The rise of transgender reversals


There has been a surge in patients wanting to reverse their transgender surgery, according to a leading doctor in Serbia, the global hub of transgender corrective surgery.

Dr Miroslav Djordjevic, a urologist in Belgrade, has been treating patients from all over the world for about 10 years.

His clinic in the capital of a country that is openly hostile to LGBT groups, became an unlikely haven for transgender patiets.

But now, Dr Djordjevic has told The Telegraph that he is seeing an increase in the number of patients seeking reversal surgery.

He warns the majority of people exploring reversals did not receive sufficient psychiatric screening before undergoing the procedure – and he urges the medical community not to antagonize people that change their mind.

Dr Miroslav Djordjevic (pictured), a urologist in Belgrade, has seen about 14 patients who have changed their minds. He said all of those patients got their initial procedures elsewhere, at clinics where he feels they did not receive sufficient psychiatric screening

‘Definitely reversal surgery and regret in transgender persons is one of the very hot topics,’ he told the newspaper. 

‘Generally, we have to support all research in this field.’

Dr Djordjevic, who splits him time between Serbia and New York’s Mount Sinai Hospital, says he has performed seven reversals in the past five years at his clinic in Belgrade. 

A further eight are in consultation or undergoing operations.

Most are seeking reattachment of male genitalia, a complicated procedure which costs upwards of $20,000. 

The news comes amid a huge rise in the rate of gender reassignment patients. 

The American Society of Plastic Surgeons found a nearly 20 percent increase in vaginoplasties, phalloplasties, top surgery and contouring operations in just the first year of reporting.

Increasingly, insurance companies are offering coverage for surgery for patients with gender dysphoria – a disconnect between how an individual feels and what their anatomic characteristics are.

Gender confirmation procedures can include everything from facial and body contouring to reassignment surgeries.

In 2016, more than 3,200 surgeries were performed to help transgender patients feel more like themselves.

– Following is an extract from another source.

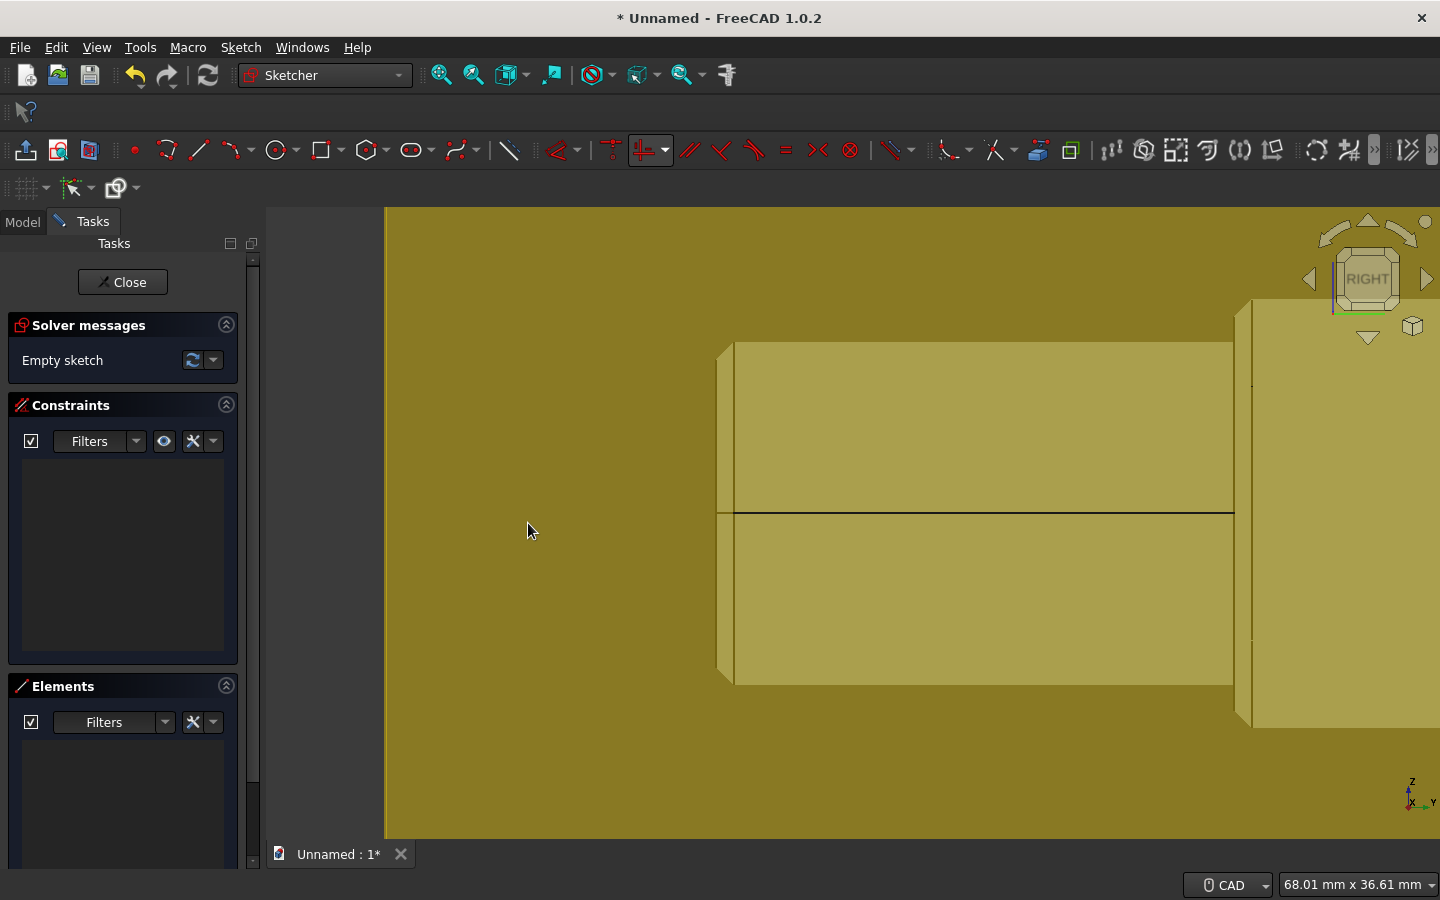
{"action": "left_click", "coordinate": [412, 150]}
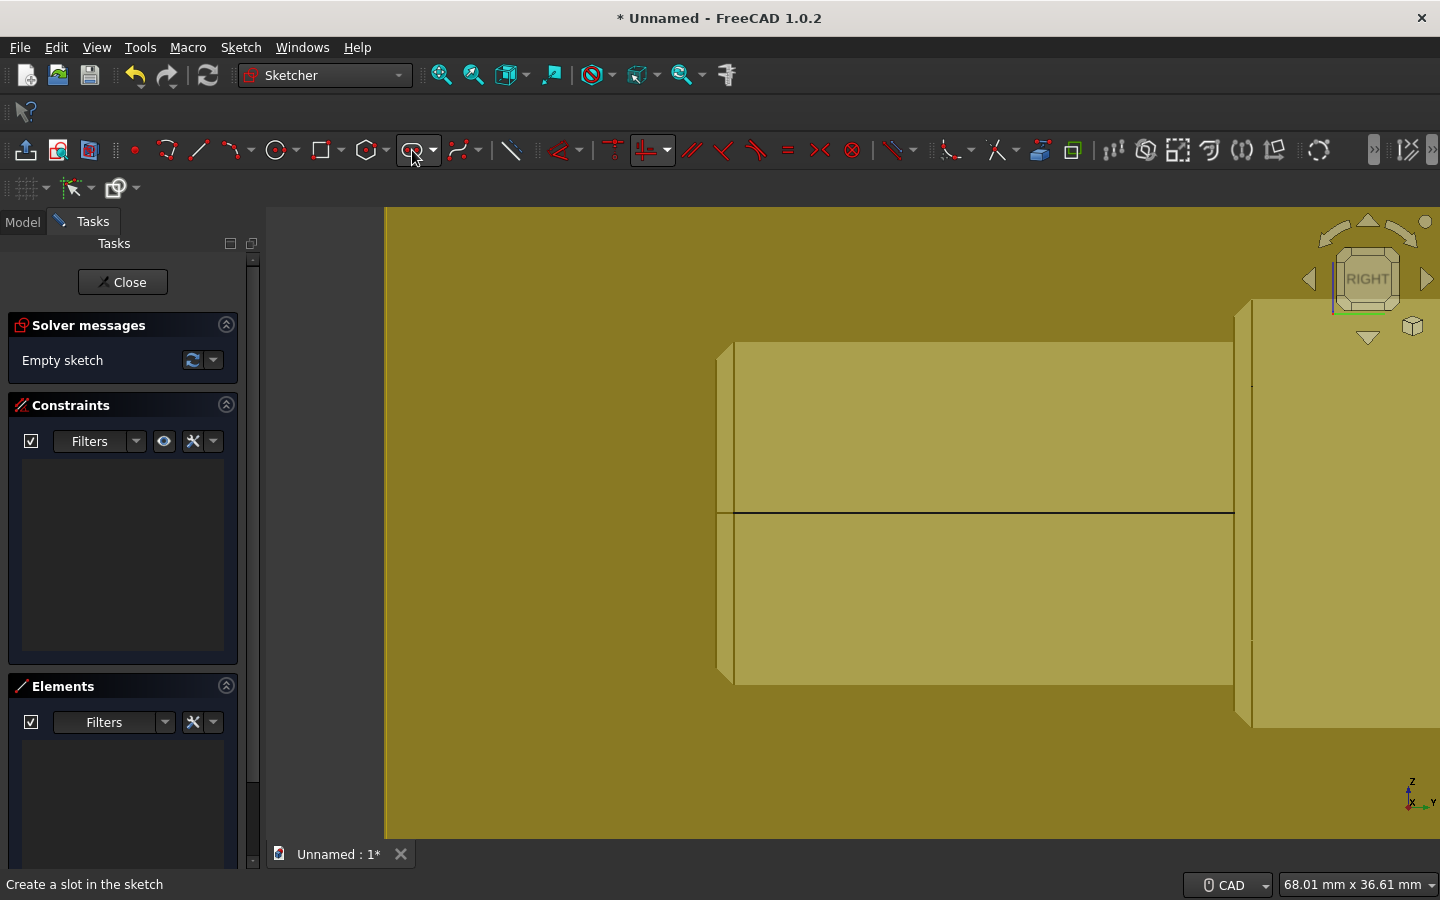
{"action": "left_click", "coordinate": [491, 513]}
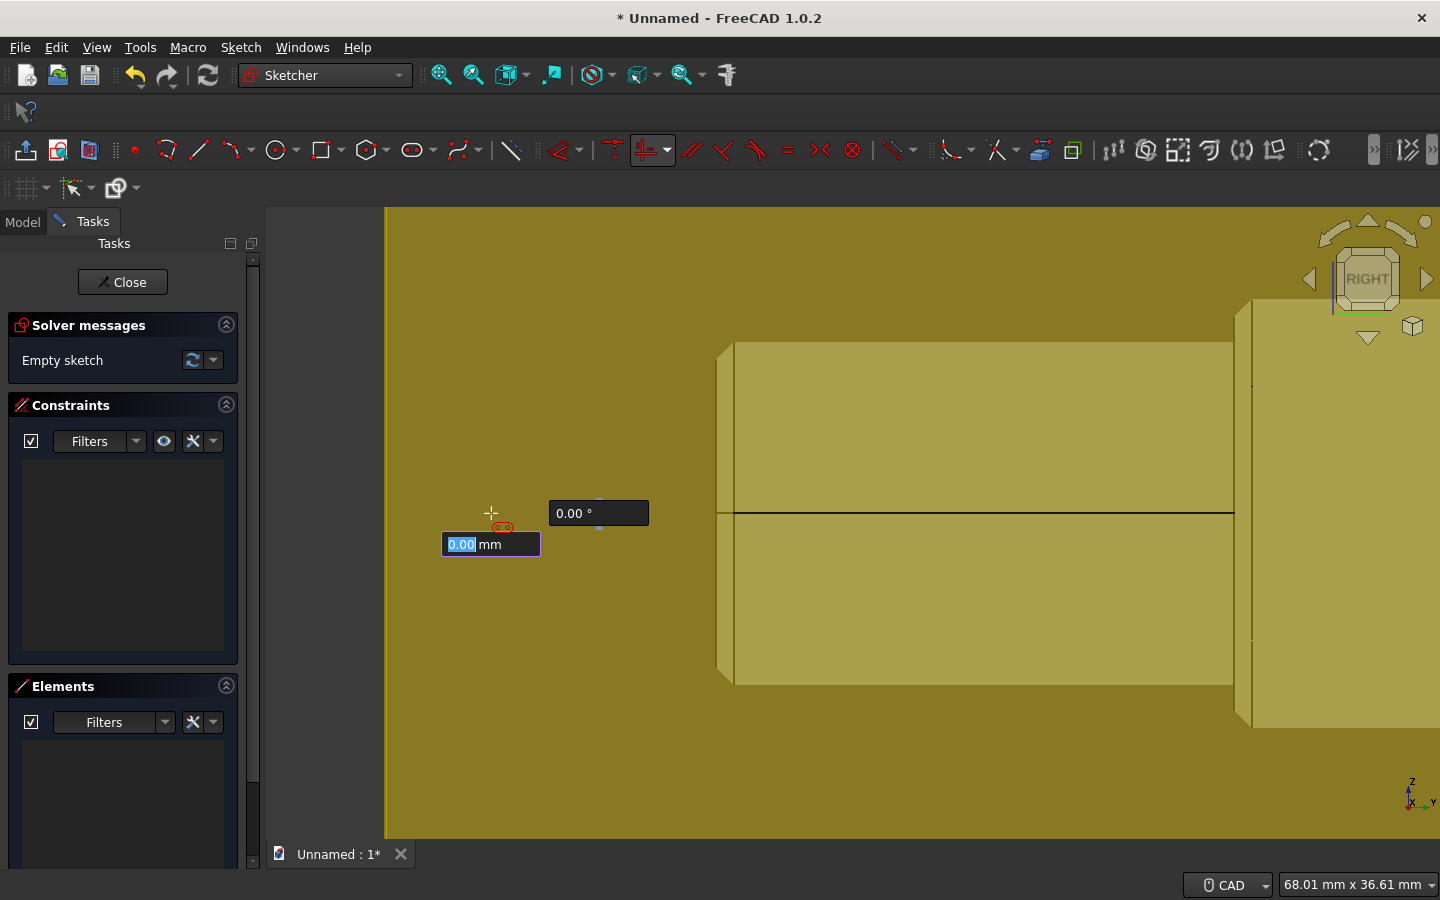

Surgeons in the field claim that figure is a conservative estimate – and would likely three times higher if all hospitals had a uniform way of documenting such surgeries. 

However, Dr Djordjevic warns that while the medical community is beginning to embrace this kind of surgery, there is a stigma surrounding reversals.

A vaginoplasty is a far less costly and far more successful procedure than the female to male procedure.

In the surgery, the testicles and most of the penis are removed while the urethra is shortened.

The skin of the penis is then inverted and used to create a vagina.

In some procedures a neoclitoris is also created with that skin from the tip of the penile glans which allows for sensation.

The prostate meanwhile is not removed during the surgery, though it does shrink because of the hormones that are taken during the transition process.

After the surgery, patients spent three days in the hospital and must not do any strenuous activities for two weeks.

Initial recovery time is between four and six weeks for most patients, and after 12 weeks the patient is fully recovered.

Dilation must be performed by the patient multiple times a day for at least 12 weeks after the surgery for 15 minutes at a time, and at least once a week after that for the rest of their life.

Some doctors recommend daily dilation for life with the largest dilator or dildo the patient can comfortably fit into their new vagina.

At 12 weeks, the patient can have sex again and in most cases those who have had the surgery report that they are able to experience orgasms.

The procedure can cost anywhere from $5,000 to $100,000, with the average US surgery cost $20,000.

Bleeding, swelling and vaginal discharge are among the common side effects after surgery.

A phalloplasty is the construction of a penis using skin flaps from the thigh, groin or abdomen, and scrotum construction using the labia. Nerves can be connected to a reconstructed urethra, and the clitoris can be repositioned to sit at the base of the penis.

Sexual intercourse is possible post-surgery, sometimes using a prosthesis to create an erection, though some patients say that is not necessary.